あとバガンで一番衝撃を受けたのは,道路の舗装を直す作業で,アスファルトをバケツに入れて手で塗っていたシーンである.道を通るたびに,なんか小さいサイズで補修してあるなあと思ってはいたのだが.


ミャンマー西部,エーヤワディー川河口付近の町.バガンからここに来るのには一旦ヤンゴンを経由するしかなく,けっこう面倒だ.ヤンゴンのバスターミナルはとてつもなく不便だし.

さてここはまあはっきり言えば単なる地方都市である.外人客もほとんどおらず,なんでわざわざ来たのかと言われると困るが,まあのんびり過ごしに来たということで.数日前に来ていれば有名な満月祭りがあったらしいが,もうそれも終わっているのだった.
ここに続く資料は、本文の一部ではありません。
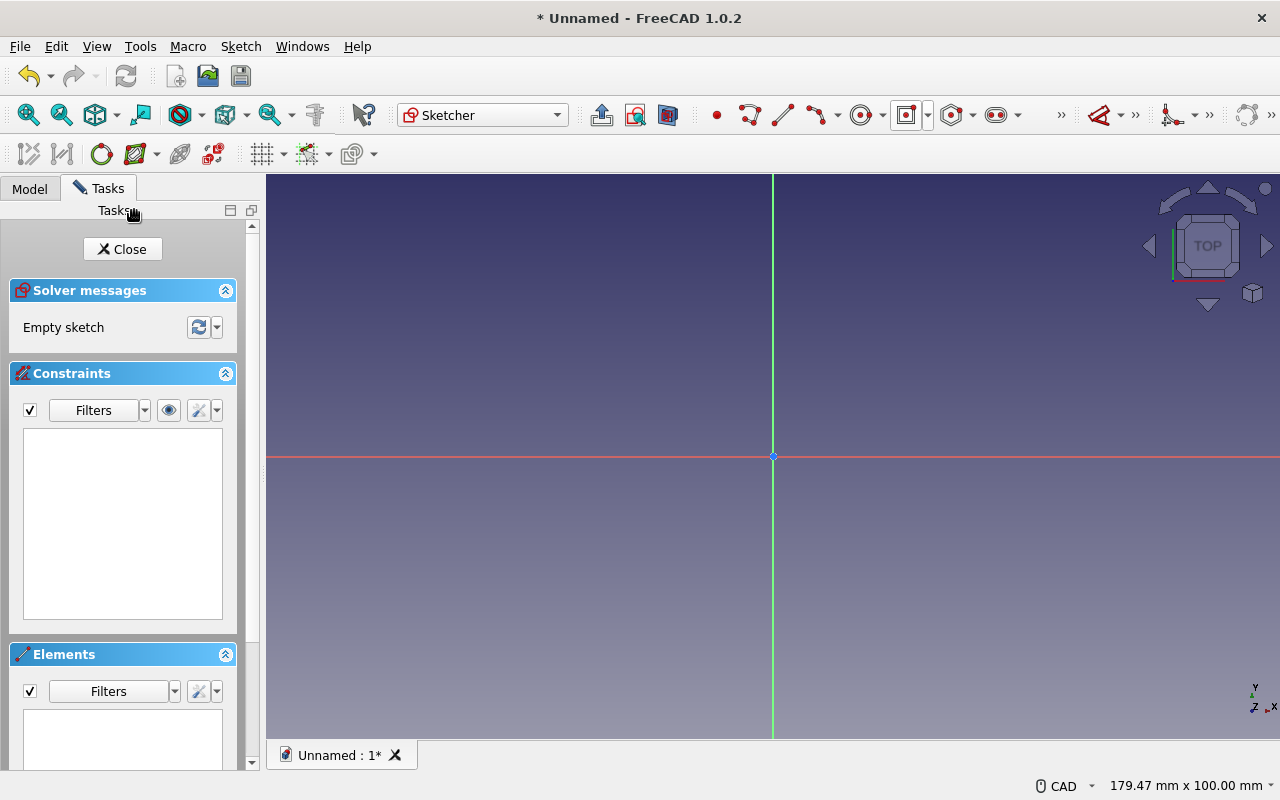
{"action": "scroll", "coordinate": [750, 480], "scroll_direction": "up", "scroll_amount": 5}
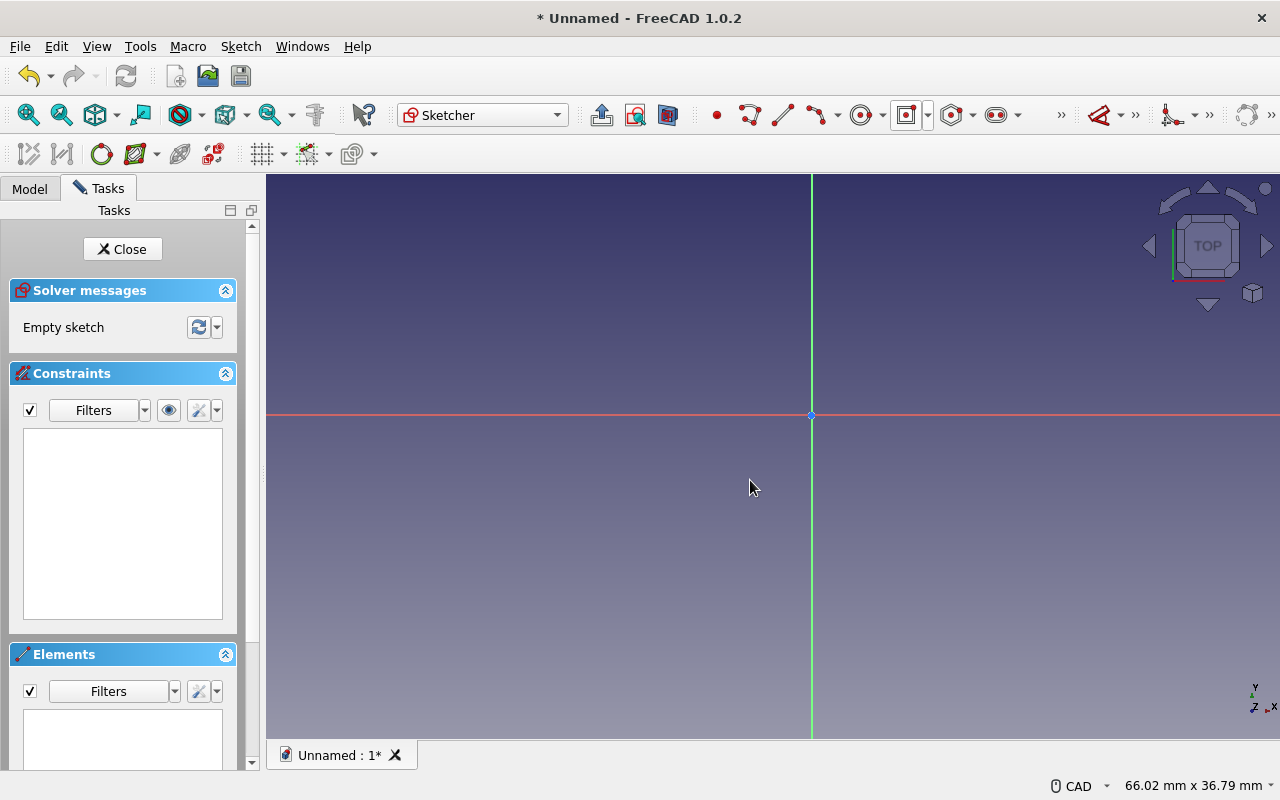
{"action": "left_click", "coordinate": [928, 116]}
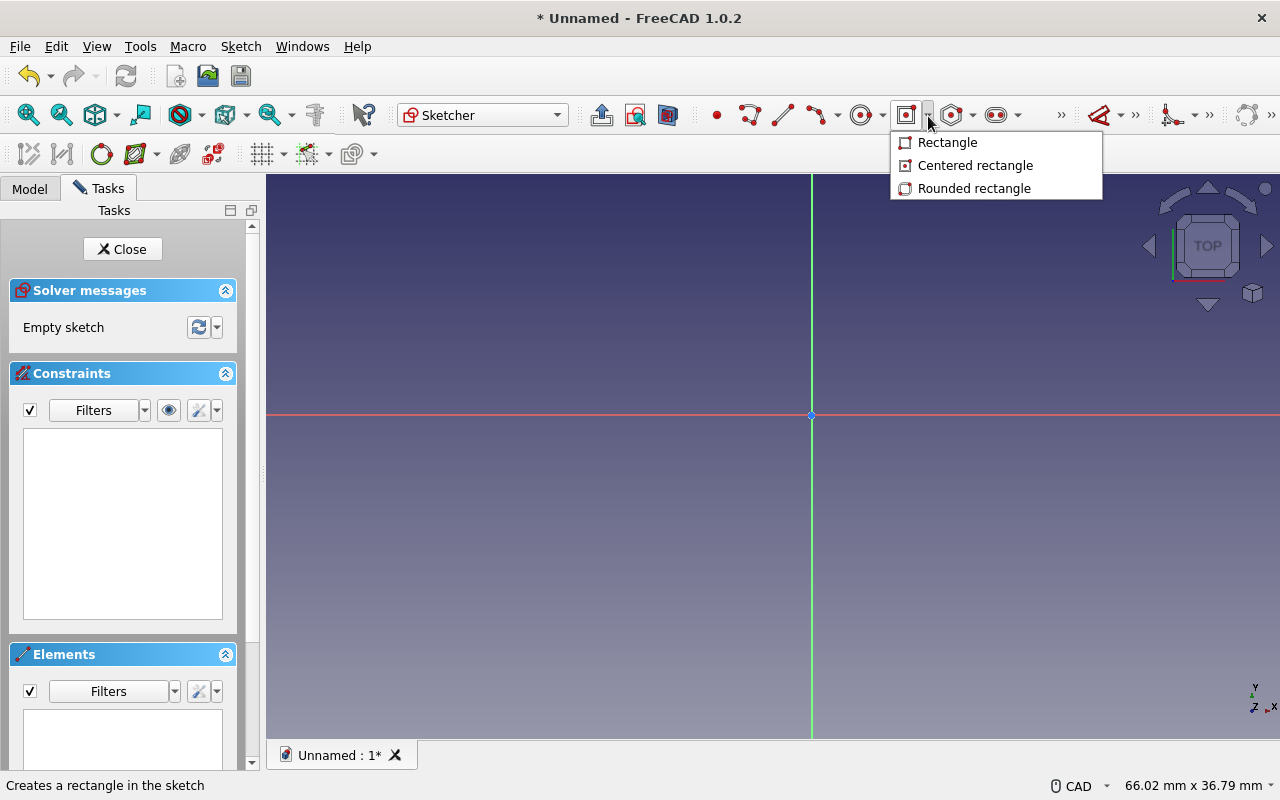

というわけでのんびりそのへんを見物していたら,ある寺院の中にいたじいさんに「暑いだろうから中で休んでいけ」などと言われて,籐椅子と扇風機を使わせてもらったり,喫茶店の店員の子供(たぶん小学生ぐらい)が無料で水をくれたり,なんか親切にされてしまった.俺のような者に親切にしてくれるとは有難いことだ.

なんとなく鉄道駅も見物してみた.この国ではありがちだが,駅前は全然一等地ではなく,町の中心からだいぶはなれている.あたりは建物もだいぶ簡易な感じだ.それでも,駅はいちおうそれなりに使ってはいるらしい.たまたま一両編成の列車というかレールバス的なものが止まって,人が乗り降りしていた.そういえば,帰り道でしばらく近所の子供が無言でついてきたのだが,あれは何だったのだろう.やはり外人などはあまりお呼びでない地域だっただろうか.

ところでこの町の中央商店街では猫に何度も会った.いい町だ.


パテインからヤンゴンに戻る際は船を使ってみた.なんと十九時間かかり,しかも42$という高額の外国人料金を取られる.行きと同じようにバスに乗りさえすれば,四時間かつ8000チャット(800円)程度で戻れるのに.ちなみに船室でなくてデッキで雑魚寝するなら外国人でも7$である.ということは,おそらく地元の人ならデッキだと相当安いのかもしれない.けっこう客は乗っているのだ.

なお船室といってもそんなに快適なものではない.この日記屈指の人気エントリであるルーシ号などとは比べるべくもない.エアコンやトイレ等が付いてるわけでもないし,内側からしか鍵がかからない.それほどきれいでもない.寝てる間吹き曝しでないこと,部屋にいれば鍵をかけられることが主なメリットである.

夜は寝るとしても,十九時間はさすがに退屈である.起きてから四時間以上あったわけだしな.テレビがあるわけでもなし,風景もそんなに変化があるわけでもない.別にどうしようもないので,青空文庫の小説など読んでヒマを潰したりした.地元の人も漫画や小説を読んだりしているようだった.

一旦川を下って海に出るのかと思っていたが,別にそういうことはなくて,複雑に拡がった支流を通って直接ヤンゴンに行くルートだった.途中にも寄港地があったので,そのためかもしれない.寄港地では乗客や荷物の乗り降りがあるほか,物売りの人が来たりもする.食べもの飲みもののほか,本屋なんかも来ていた.なるほど.